**Task to complete:**
Each line from the one containing "hammer -> 0.340, -0.206, 2.132" to the end of the data must be copied exactly, the first and last included; no other lines and no pictures belong in the copy.
(Records provided Opens)
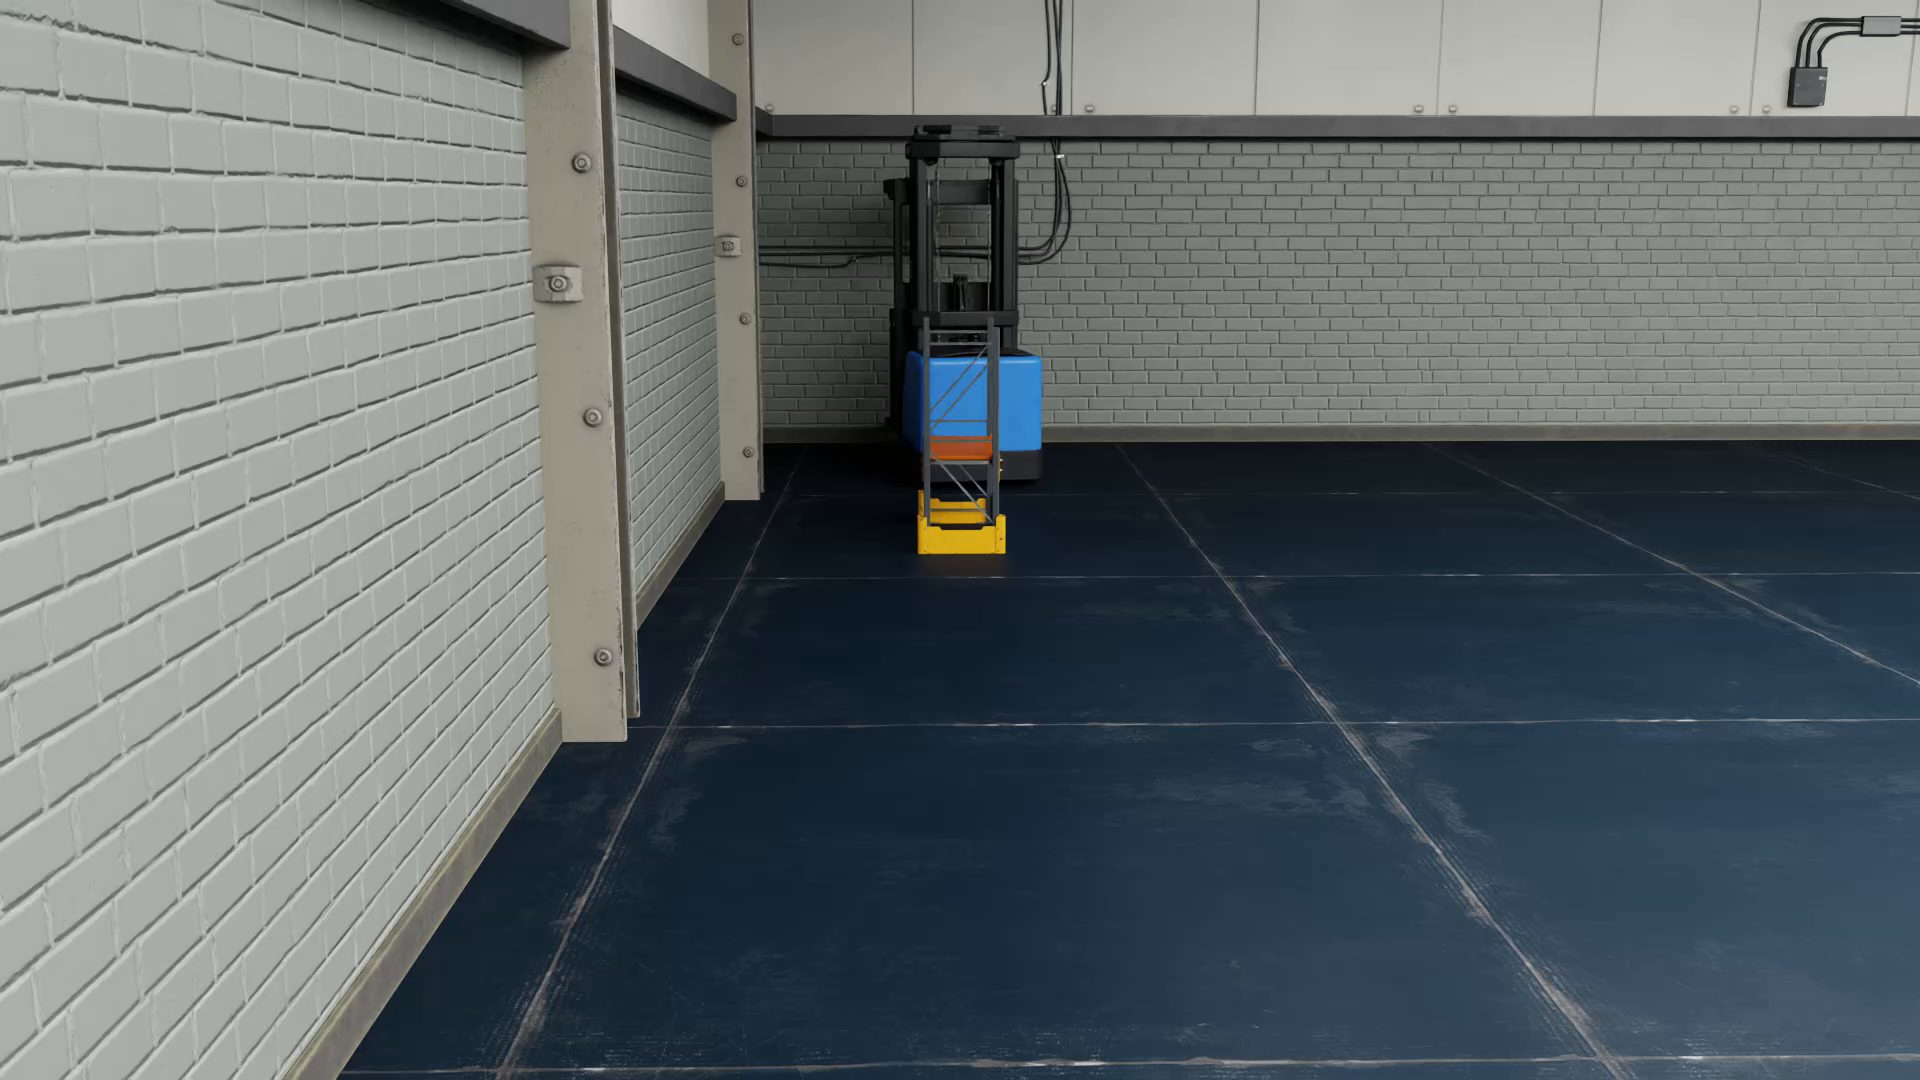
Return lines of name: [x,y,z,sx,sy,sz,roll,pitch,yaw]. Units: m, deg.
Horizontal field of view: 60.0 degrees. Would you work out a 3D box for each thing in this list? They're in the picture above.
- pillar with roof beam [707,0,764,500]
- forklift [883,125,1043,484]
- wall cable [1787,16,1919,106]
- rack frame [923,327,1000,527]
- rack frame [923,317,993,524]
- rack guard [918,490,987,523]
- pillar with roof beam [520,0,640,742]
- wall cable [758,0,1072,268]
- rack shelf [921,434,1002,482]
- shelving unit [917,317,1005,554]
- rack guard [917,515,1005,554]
pillar with roof beam: [2.565,-4.782,12.499,9.100,9.000,0.400,0,11,-1]
forklift: [-0.079,-2.145,14.760,1.130,2.935,3.031,-2,12,-10]
wall cable: [9.013,-7.058,15.164,2.305,6.003,0.169,0,11,-1]
rack frame: [0.009,-0.651,10.995,0.500,1.500,0.032,0,11,-1]
rack frame: [-0.012,-0.853,11.992,0.500,1.500,0.032,0,11,-1]
rack guard: [-0.012,-0.237,12.097,0.587,0.250,0.087,0,11,-1]
pillar with roof beam: [2.689,-3.590,6.620,9.100,9.000,0.400,0,11,-1]
wall cable: [-0.478,-3.834,15.634,3.097,2.526,0.112,0,11,-1]
rack shelf: [-0.002,-0.576,11.529,0.538,0.185,1.000,0,11,-1]
shelving unit: [-0.002,-0.750,11.485,0.587,1.500,1.083,0,11,-1]
rack guard: [0.009,-0.039,11.121,0.587,0.250,0.087,0,11,-1]
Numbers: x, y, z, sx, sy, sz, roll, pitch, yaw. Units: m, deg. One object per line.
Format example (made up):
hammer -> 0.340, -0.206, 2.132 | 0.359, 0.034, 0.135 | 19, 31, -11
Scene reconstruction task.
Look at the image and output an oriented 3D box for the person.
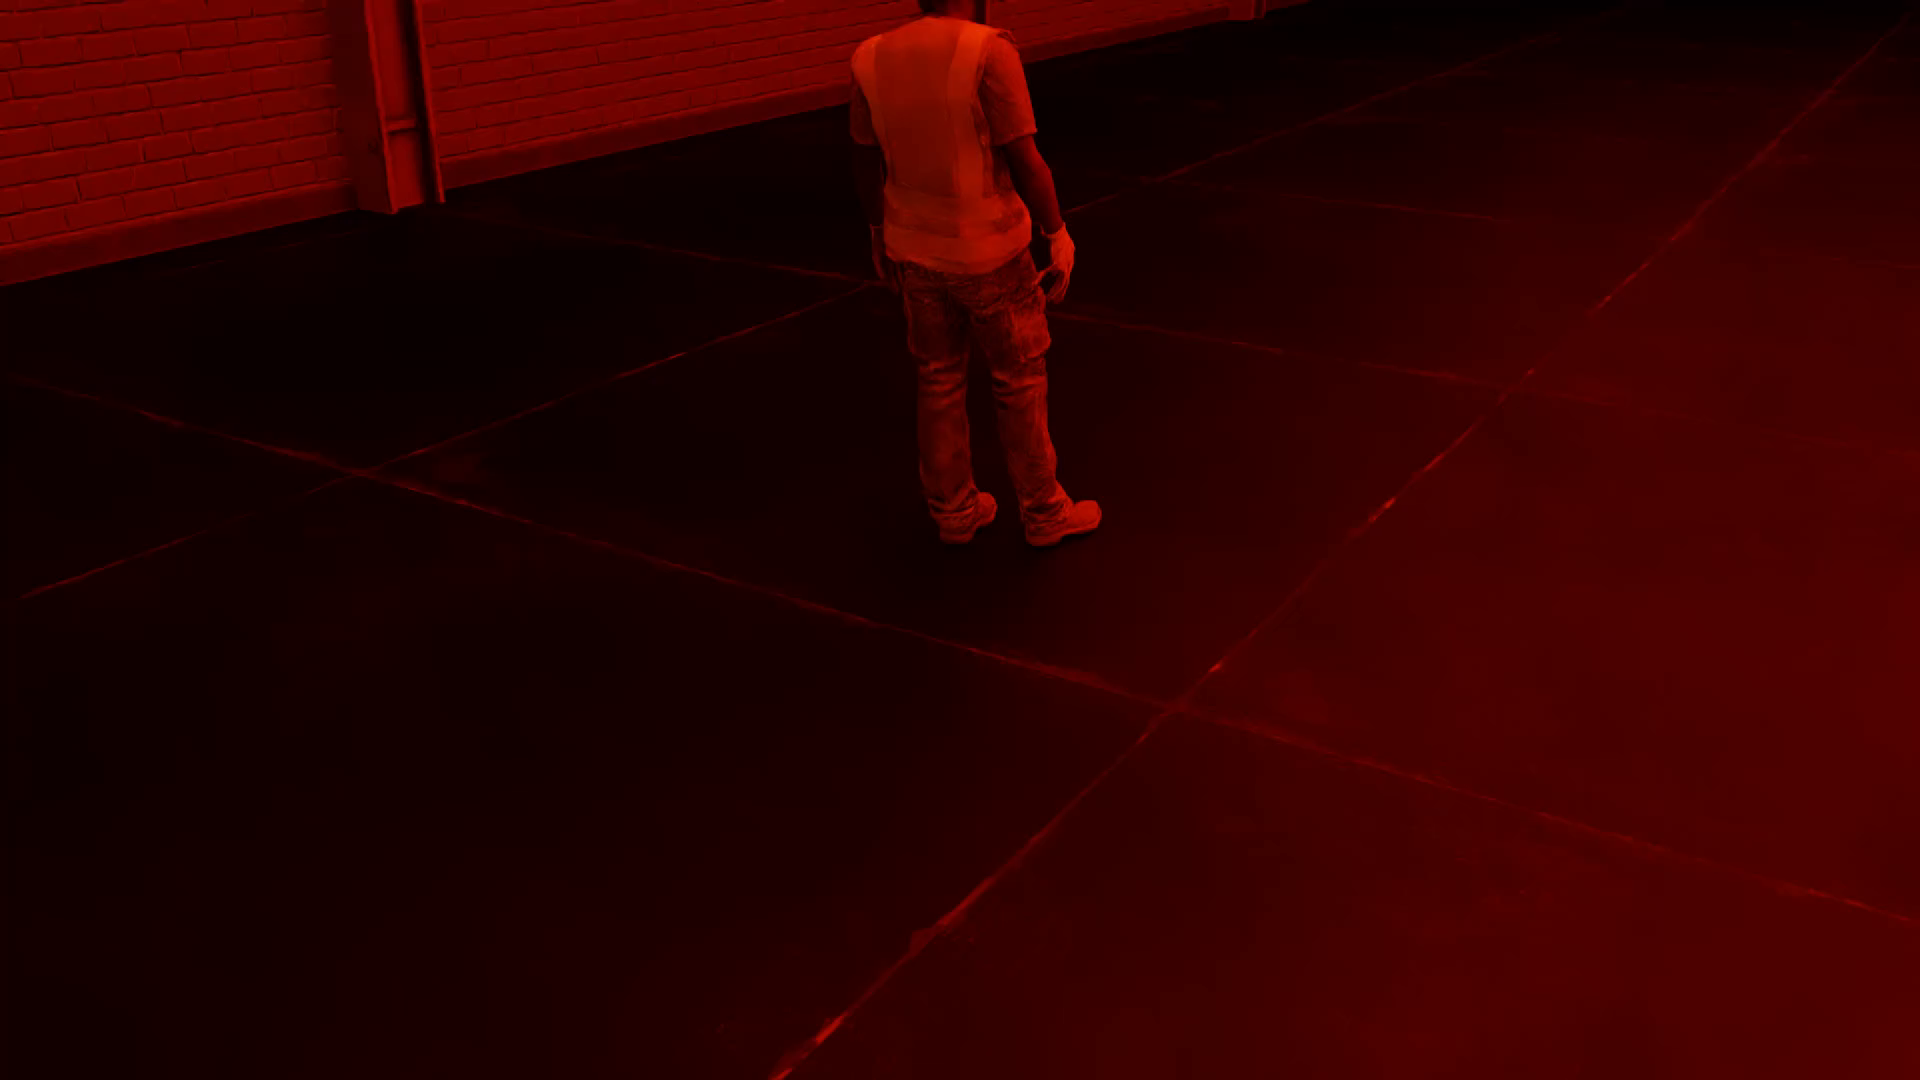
(Records provided Closes)
**Result of this exercise:**
hammer -> 0.340, -0.206, 2.132 | 0.359, 0.034, 0.135 | 19, 31, -11
Scene reconstruction task.
Look at the image and output an oriented 3D box for the person.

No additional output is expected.